Four Benefits of Collaborative Learning and Leadership Development
The ability to learn on the job, much less be identified and developed for a future leadership position, can be difficult for employees, regardless of classification. Every company claims it plans for the future, but the reality is that the mindshare required – the domain and business expertise and the leadership that drives it – usually slips away with the best intentions of having the learning and development as well as the succession plan in place.
According to Bersin by Deloitte, leadership will be a big challenge in 2014: “Executives are struggling with leadership gaps at all levels — from first-line supervision through top leadership (more than 60 percent of all companies cite ‘leadership gaps’ as their top business challenge). This year, baby boomers will begin to retire in large volumes; one oil company tells us that they expect to lose 30 percent of their workforce in the next three years.”
What’s clear is that when it comes to developing future leaders, too many organizations are simply going through the motions, or worse yet, doing nothing at all. These companies are losing out on a host of benefits, including:
- Better business planning—Learning and leadership development leads to better succession planning, which then leads to developing and then putting the right people in the right leadership roles at the right times. When organizations know they have the right people in the queue for key positions, they can proactively plan for the future of the business far more effectively.
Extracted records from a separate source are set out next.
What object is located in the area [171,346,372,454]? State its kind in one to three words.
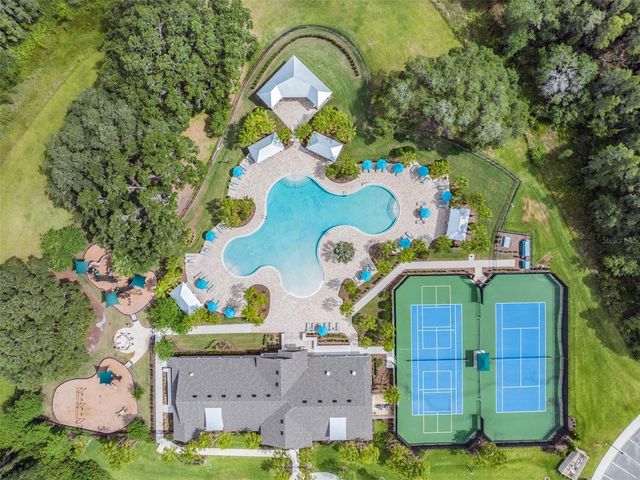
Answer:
building
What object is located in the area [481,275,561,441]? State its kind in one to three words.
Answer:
tennis court
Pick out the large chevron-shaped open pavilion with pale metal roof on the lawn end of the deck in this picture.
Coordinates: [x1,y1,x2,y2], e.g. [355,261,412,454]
[257,55,332,111]
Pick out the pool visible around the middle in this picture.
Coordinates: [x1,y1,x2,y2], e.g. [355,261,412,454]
[221,174,401,299]
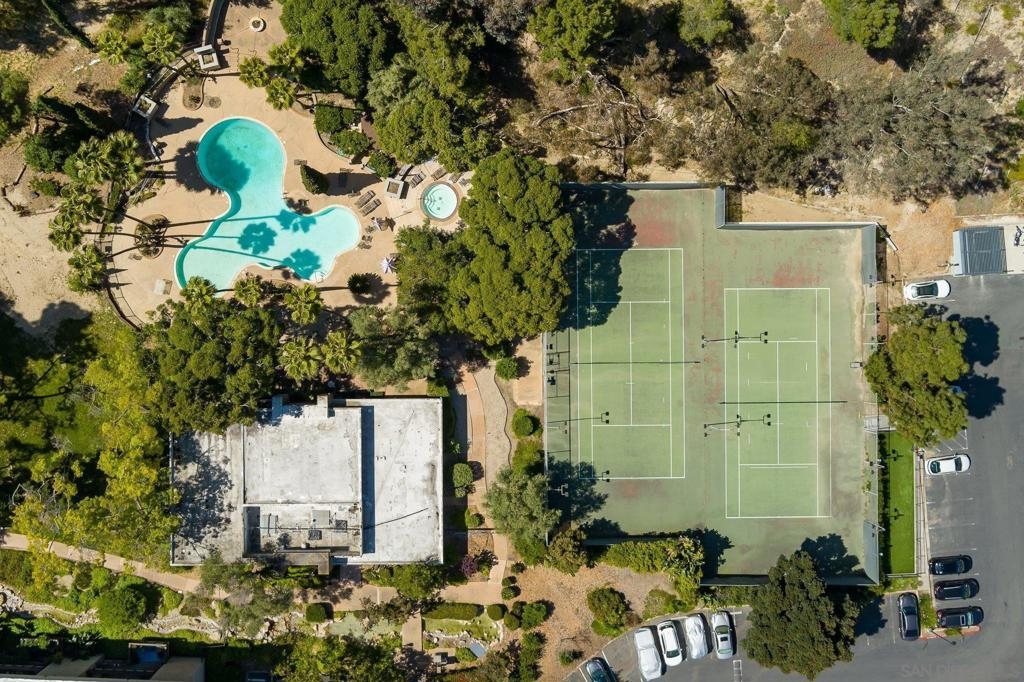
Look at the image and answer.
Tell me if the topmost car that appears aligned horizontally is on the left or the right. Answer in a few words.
right
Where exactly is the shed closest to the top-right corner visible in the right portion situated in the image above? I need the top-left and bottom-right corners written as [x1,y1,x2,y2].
[951,227,1006,276]
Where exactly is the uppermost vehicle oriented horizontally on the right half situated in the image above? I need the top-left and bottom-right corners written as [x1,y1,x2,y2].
[901,278,950,300]
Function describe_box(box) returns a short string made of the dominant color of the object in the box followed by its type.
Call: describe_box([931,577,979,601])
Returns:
black car
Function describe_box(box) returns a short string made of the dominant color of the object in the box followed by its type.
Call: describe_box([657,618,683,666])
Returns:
white car
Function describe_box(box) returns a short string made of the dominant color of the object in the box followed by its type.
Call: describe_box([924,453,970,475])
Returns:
white car
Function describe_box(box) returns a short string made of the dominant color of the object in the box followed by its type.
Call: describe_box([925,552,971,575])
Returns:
black car
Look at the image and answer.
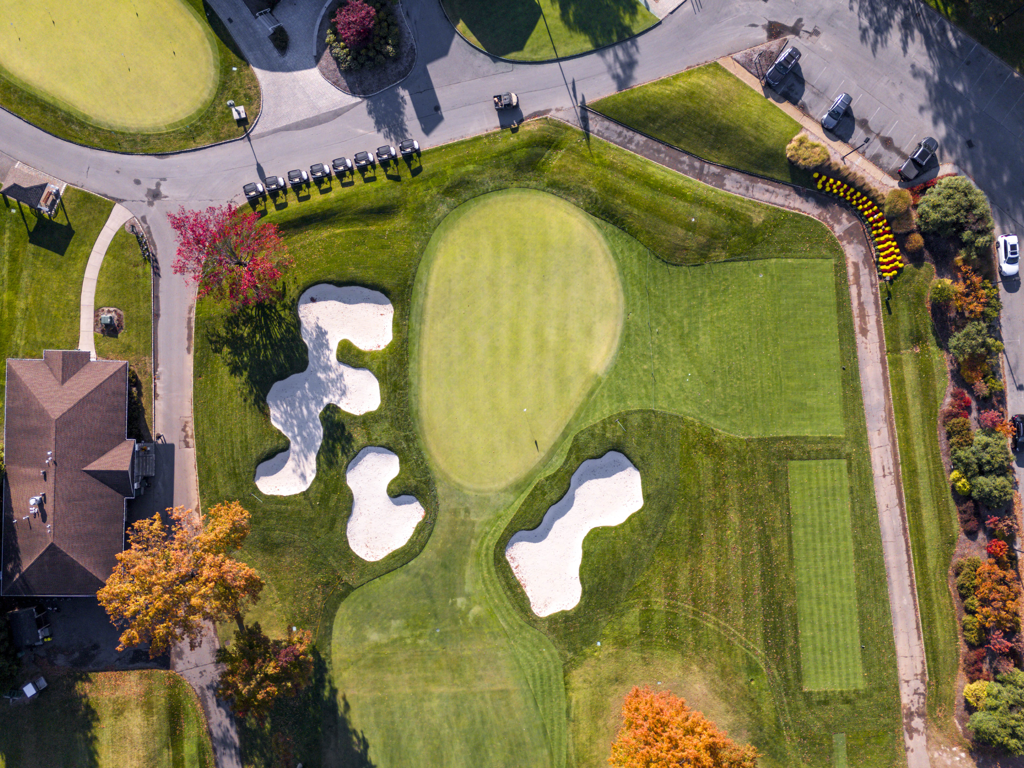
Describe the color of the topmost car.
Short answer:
black
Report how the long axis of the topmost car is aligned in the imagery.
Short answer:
at an angle
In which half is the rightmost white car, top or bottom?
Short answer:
top
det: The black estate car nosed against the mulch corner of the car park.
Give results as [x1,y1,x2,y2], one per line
[764,43,804,86]
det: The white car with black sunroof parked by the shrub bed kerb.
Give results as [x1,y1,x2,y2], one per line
[994,235,1022,278]
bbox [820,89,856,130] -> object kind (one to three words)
car
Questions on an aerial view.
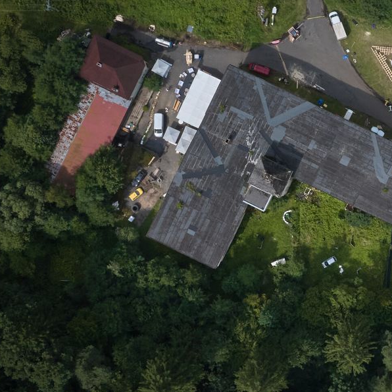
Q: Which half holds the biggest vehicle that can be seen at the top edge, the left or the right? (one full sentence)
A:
You can find the biggest vehicle that can be seen at the top edge on the right side of the picture.
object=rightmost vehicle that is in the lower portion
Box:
[321,254,337,268]
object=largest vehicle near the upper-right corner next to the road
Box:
[327,11,347,43]
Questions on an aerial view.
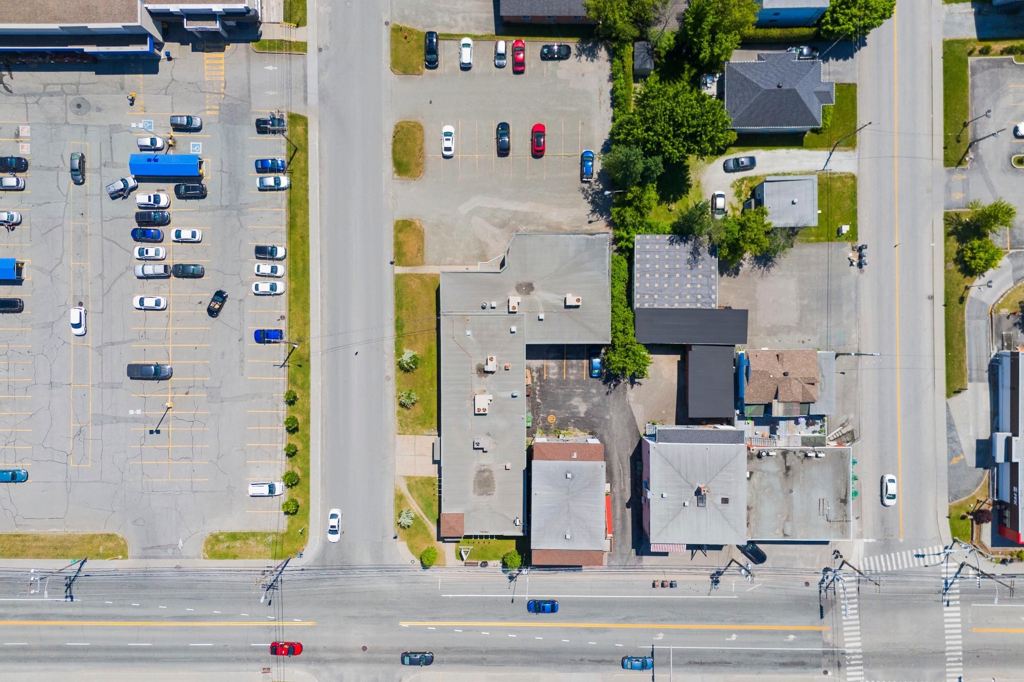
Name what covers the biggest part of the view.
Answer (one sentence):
The bulk of the photo consists of paved ground.
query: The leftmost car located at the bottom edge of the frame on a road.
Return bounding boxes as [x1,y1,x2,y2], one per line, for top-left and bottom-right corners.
[270,639,304,658]
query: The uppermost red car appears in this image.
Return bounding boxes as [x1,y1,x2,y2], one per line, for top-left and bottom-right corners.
[511,40,527,75]
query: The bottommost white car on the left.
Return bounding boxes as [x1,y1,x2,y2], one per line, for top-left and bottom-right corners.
[326,508,342,542]
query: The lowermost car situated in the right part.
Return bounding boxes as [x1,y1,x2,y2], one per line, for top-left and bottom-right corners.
[621,654,653,672]
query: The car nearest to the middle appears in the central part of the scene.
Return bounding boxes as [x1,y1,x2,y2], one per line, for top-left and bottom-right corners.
[589,348,604,378]
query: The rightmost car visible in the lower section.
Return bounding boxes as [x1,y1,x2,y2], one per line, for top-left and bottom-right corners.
[879,474,898,506]
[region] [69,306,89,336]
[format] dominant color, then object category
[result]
white car
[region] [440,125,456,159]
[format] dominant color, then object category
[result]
white car
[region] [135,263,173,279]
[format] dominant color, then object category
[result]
white vehicle
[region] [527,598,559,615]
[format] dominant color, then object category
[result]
blue car

- Improved retention and lower turnover—Sound learning and leadership development helps to ensure that employees know they’re being groomed for a particular position, which gives them a strong sense of having a clearly defined future within the company. This is a strong retention tool and keeps people from leaving their companies for greener pastures. The resulting cost savings can be substantial but it takes a long-term investment.
- Improved employee engagement—Obviously, showing employees a learning plan and defined future with an upward career trajectory are powerful boosters of employee engagement and emotional commitment. And, as Gallup Employee Engagement research showed the past few years, companies with highly engaged employees experience financial growth rates nearly four times higher than those of companies with lower engagement.
- More accurate recruiting—Sound learning and leadership development also helps improve recruiting as well: when employers have a clear understanding of their organizations’ gaps in skills and leadership qualities, they can sharpen their focus on recruiting for specific future roles (even those not yet defined by succession plans), shortening the recruiting process and increasing sourcing accuracy.
Learning and leadership development should be part of an organization’s total approach to talent management—which, in turn, should be integrated with their overall business strategy. This integration ensures that talent management activities are aligned to business goals and objectives, that employees are given the learning opportunities they need to develop their leadership skills, and that the organization itself will have the leaders it needs for the future.
Unfortunately today’s learning management systems focus more on scheduling and taking courses than delivering learning development results. Companies are looking for scalable, holistic and comprehensive leadership development solutions that create thriving learning and leadership communities where participants create and curate relevant content to then share with peers and colleagues.
There are viable models that exist today for knowledge sharing, and while they’ll never entirely take the place of formal classroom coaching, private industry and university movements like MOOC’s, or massive online open courses, and online learning sites like the Khan Academy, Udacity, Coursera and SkillShare have dramatically changed how learners attain knowledge in thousands of different subjects.
These online learning sites and services have released knowledge from the time and space boundaries of the formal classroom; organizations can also do this for their leaders, simultaneously developing their leadership skills while continuing their day-to-day work. Plus, busy leaders don’t always have time to sit in a classroom to wait and watch lectures, so learning must come to them in the form of easy-to-consume mediums like video.
Leadership development is a collaborative learning and development exercise, one in which mentors and instructors should share information virtually via peer-to-peer videos, and where peers can learn from each another long after formal instructor-based learning is completed.